What think you of this out-and-out gallant, of this “dying” passionate lover? Here it seems to me, à propos of scented Gloves, we have a Castilian gentleman exceedingly well skilled in the delicate art of offering them to ladies.
Spanish Gloves are reproached with too strong a smell; the French ladies suffer strangely from their too heady odour: Antonio Perez would certainly have been an excellent manufacturer of perfumed Gloves—discreet in his scents, distinguished in his form.
The Gloves most in vogue after the time of La Fronde were the Gloves of Rome, of Grenoble, of Blois, of Esla, and of Paris. M. de Chanteloup charged Poussin to buy him Roman Gloves, and the latter wrote back on 7th October, 1646: “Here are a dozen pairs of Gloves, half men’s, half women’s. They cost half-a-pistole a pair, which makes eighteen crowns for the whole.” The 18th October, 1649, another purchase; but this time they are Gloves scented with Frangipane, with which Poussin provided himself for M. de Chanteloup; and these he bought at la Signora Maddelena’s, “a woman famous for her perfumes.” In Paris, according to The Convenient Address Book of Nicolas de Blegny—the Bottin of 1692—there were a certain number of manufacturers of perfumed Gloves in the Rue de l’Arbre-Sec and the Rue Saint-Honoré. “There are,” says the editor of this commercial almanac, “Glove-merchants very well stocked; for instance, M. Remy, opposite Saint-Méderic, who is famous for his excellent buck-skin Gloves; Arsan, hard by the Abbey Saint-Germain; Richard, Rue Saint-Denis, at the little St. John, well known for his Gloves of Fowl-skin; and Richard, Rue Galande, at the Great King, whose commerce is in doeskin Gloves.”

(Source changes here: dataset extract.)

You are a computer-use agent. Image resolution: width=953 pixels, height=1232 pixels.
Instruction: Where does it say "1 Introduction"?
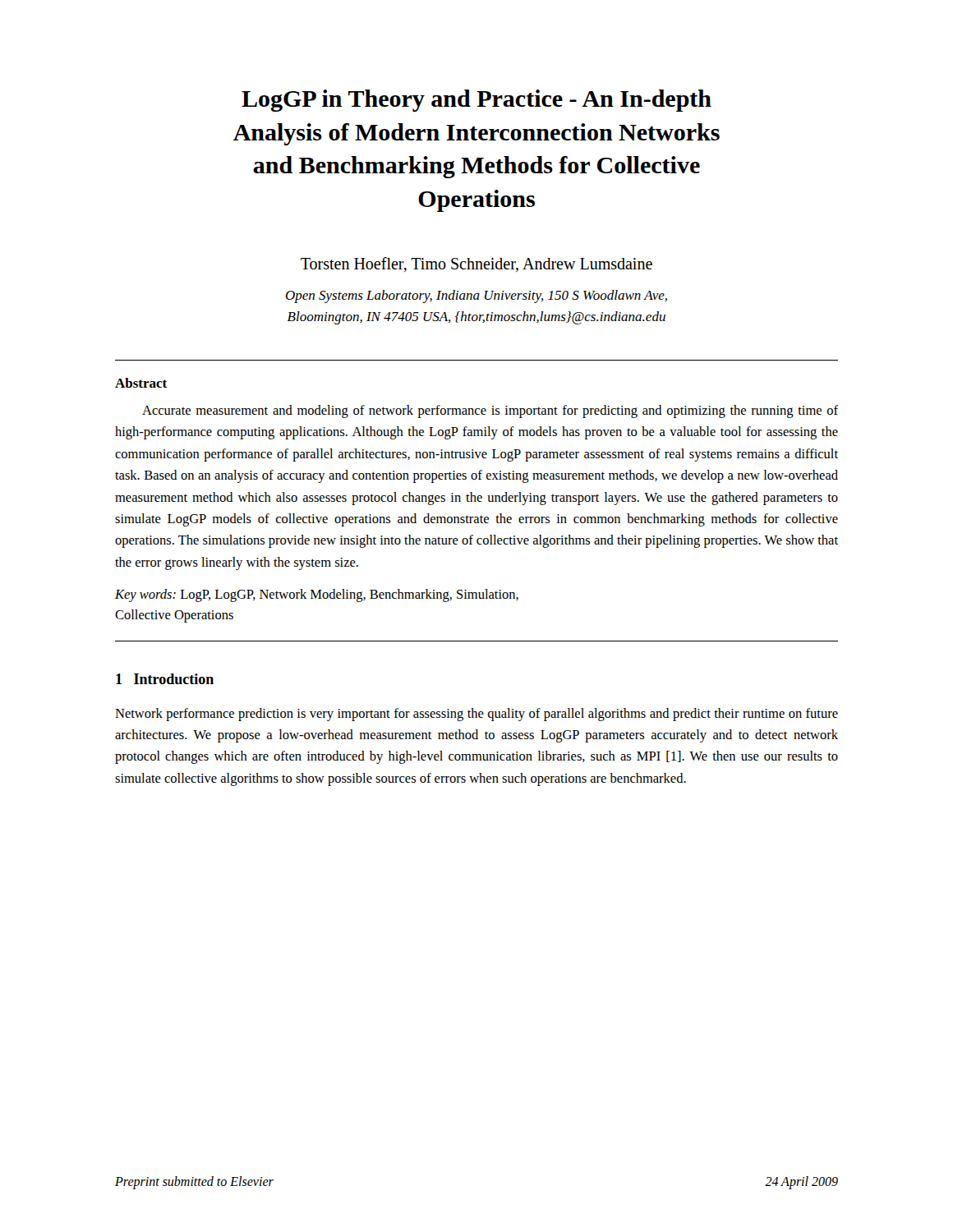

The name of fowl-skin Glove doubtless astonishes you—another name was outer lamb skin; they were made for the use of ladies during the summer. The pretended fowl-skin was nothing but the epidermis of kid-skin, and the preparation of this epidermis was the real triumph of the Glove-merchants of Paris and Rome. Gloves of Canepin, or outer lamb’s-skin, were made, it is said, so delicate and thin, that a pair of them could be easily enclosed in a walnut shell.
The buck-skin or buffalo-skin Glove was specially made for falconers; it covered the right hand half up the arm, thus completely protecting it against the claws, or rather the talons, of the bird, falcon, gerfalcon, or sparrow-hawk, when it came to settle on their fist.
Hawking existed even under Louis XIII., but it was no longer the grand and splendid epoch of this aristocratic sport, so profoundly interesting. In one of his ancient legends, André le Chapelain, of whom Stendhal wrote a short biographical notice, speaks of a sparrow-hawk, to gain which the magic Glove was necessary. This Glove could only be obtained by a victory in the lists over two of the most formidable champions of Christendom. It was suspended to a golden column, and very carefully guarded. But when the knight had by his skill gained the Glove, he saw the beautiful sparrow-hawk so much desired swoop down immediately upon his fist.
Up to the age of Louis XIV., the skin Glove was destined rather for the use of men, and it was only under this Prince that Gloves mounting a long way up the arm, and long Mittens of silk netting to set off the hands of women, were generally adopted by them.
Gloves à l’occasion, à la Cadenet, à la Phyllis, à la Frangipane, à la Néroli, Gloves of the last cut worn awhile by the Précieuses, ceased to be fashionable about 1680. The custom, of which Tallemant speaks, of presenting ladies, after the banquet, with basins of Spanish Gloves, was only vulgarised in passing from the Court to the town.
Dangeau, in his Memoirs, has written a chapter on the Etiquette of Gloves and the Ceremonial of Mittens. I refer you to it without ceremony.